Just checked, they're all correct.

9.12.09

"l'enfer, c'est les autres"

"Three strangers, trapped in a room for all eternity, each wanting something from the other, a wish unfulfilled. Sartre's vision of hell.......



hell is other people."

8.12.09

Love is natural and real but not for such as you and I, my love

"If you're so funny, then why are you on your own tonight ? And if you're so clever, then why are you on your own tonight ? If you're so very entertaining, then why are you on your own tonight ? If you're so very good-looking, why do you sleep alone tonight ? I know ...'Cause tonight is just like any other night.
That's why you're on your own tonight



I didn't sleep last night and don't see myself being able to sleep tonight either. There are just too many things on my mind. I broke my permanent retainer on my bottom teeth, and won't have time to get it fixed until next week. Also, i've had this strange insatiable hunger for the last couple of days. I consume so much and still feel empty-in more ways than one, it seems. I find I keep myself constantly busy as a means to distract myself, but when it comes time to fall asleep there is nothing to prevent me from mulling over everything I otherwise try so hard to ignore.

'Lonely people are always up in the middle of the night'

7.12.09

What's amatter baby? can't breathe?

From the start I see the end.
"You have all the tools, you can do it-I can see you have the potential......but, do you have the passion? I think you don't have the passion"

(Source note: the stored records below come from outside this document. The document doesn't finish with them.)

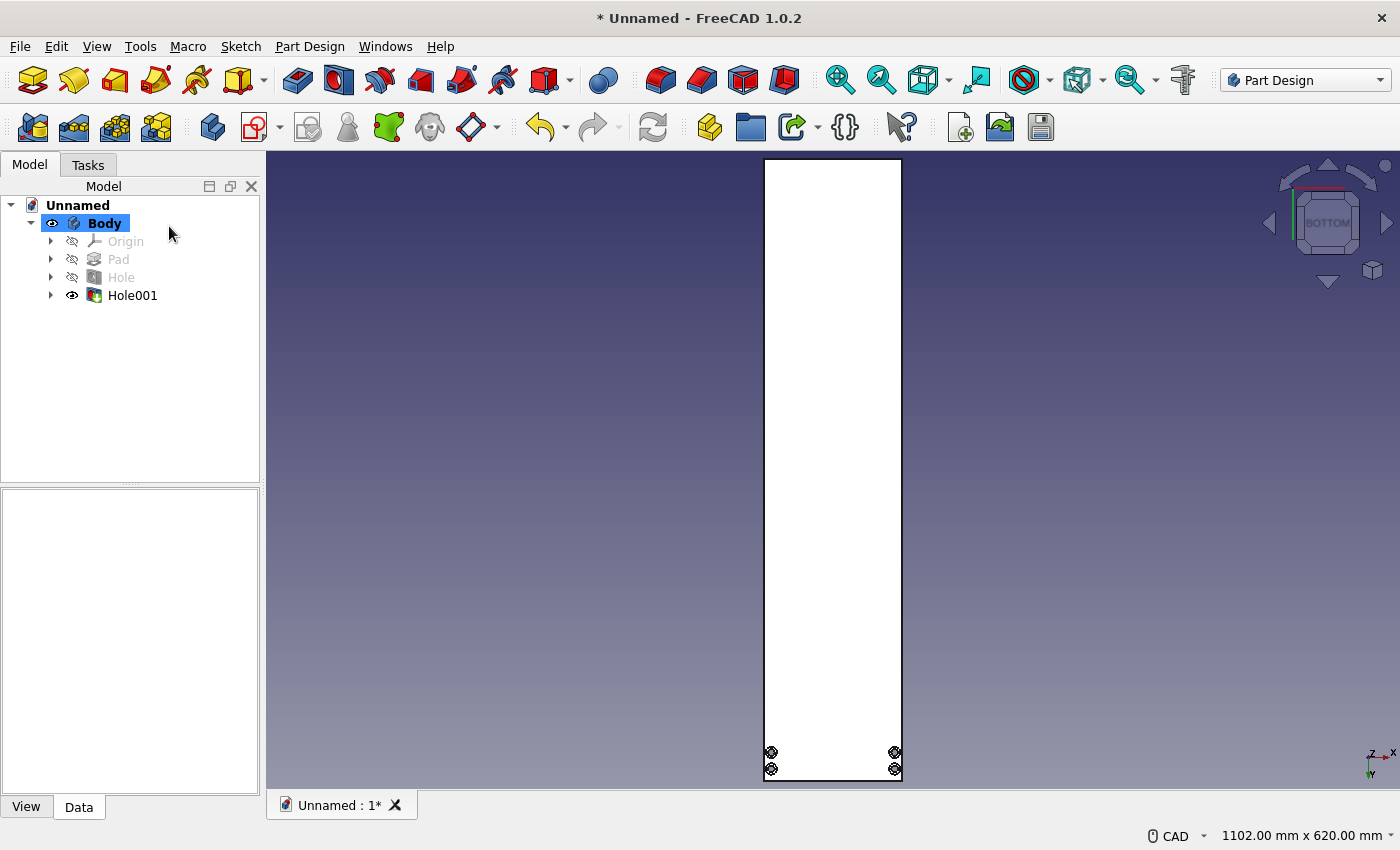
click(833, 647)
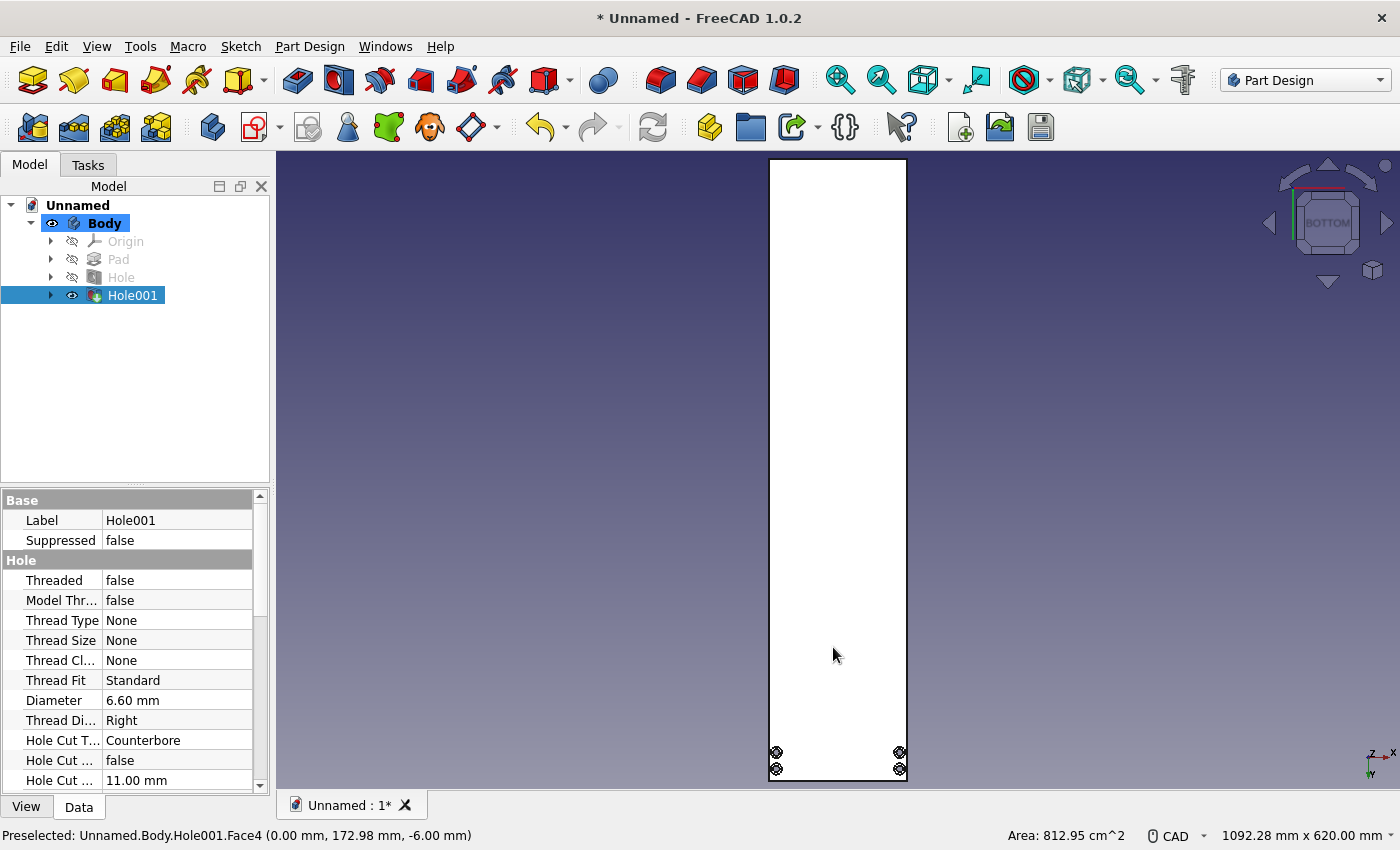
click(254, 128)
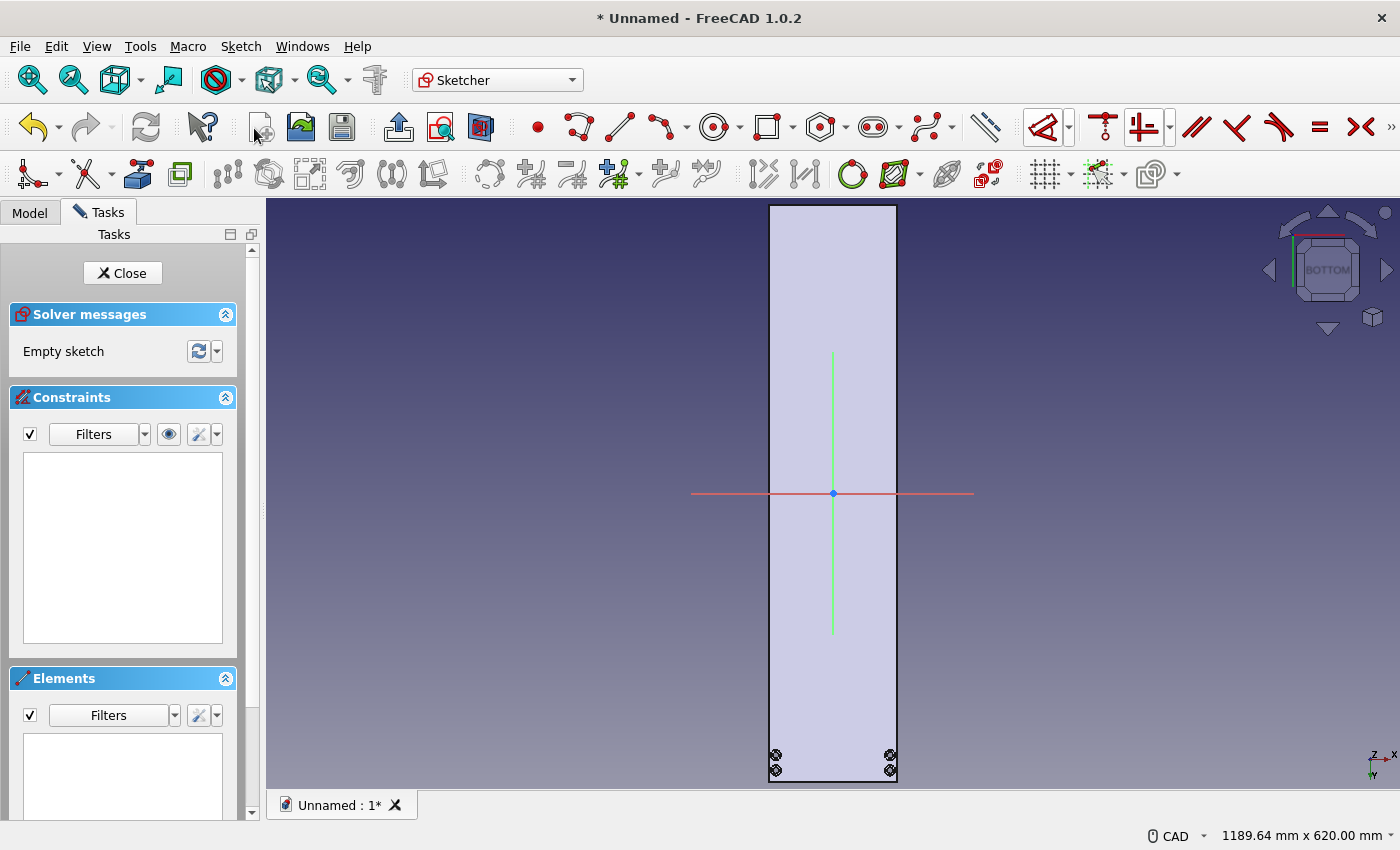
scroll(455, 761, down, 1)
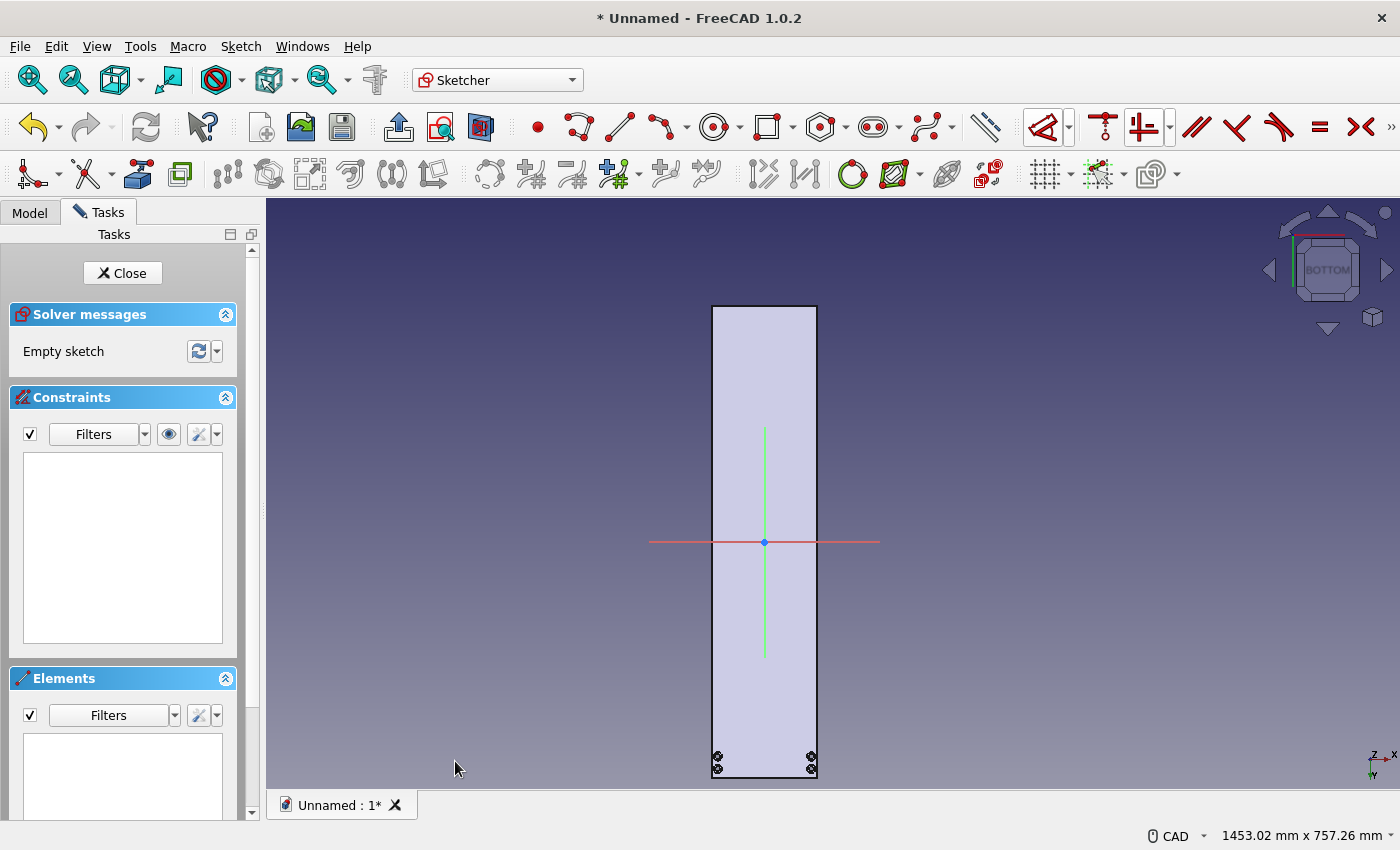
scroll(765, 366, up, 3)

Mid-life crisis at 22. Which i've been anticipating for about 2 years. I've got no idea what to do, what else I could ever do. Who to talk to, where to go. Everything becomes more and more off-course and nothing seems to become more clear. Transparent to people who I barley even know.


On an unrelated note:"I remember as soon as I made that notable hans zimmer song my ringtone I would regret it. I remember thinking as soon as I did it 'This is going to be horrible when we break up, every time my phone rings it's going to make me think of you and it's going to be horrible' and about a month or so after it happened that thought process of mine came back to me. The ringtone wasn't horrible like I thought it would be.

Yes, of course, it made me think of you. But everything did.

Absolutely everything.

So, on it's own, it wasn't horrible. It was just one of the hundreds of contributors that made you incessantly on my mind and impossible to forget. Seems to typical-something I anticipate being horrible was less so-but only in relation to everything else which was equally so.

I miss you every single day.
I don't know what will help after 7 months and nothing feels better.




Chanel Paris-Shanghai collection might.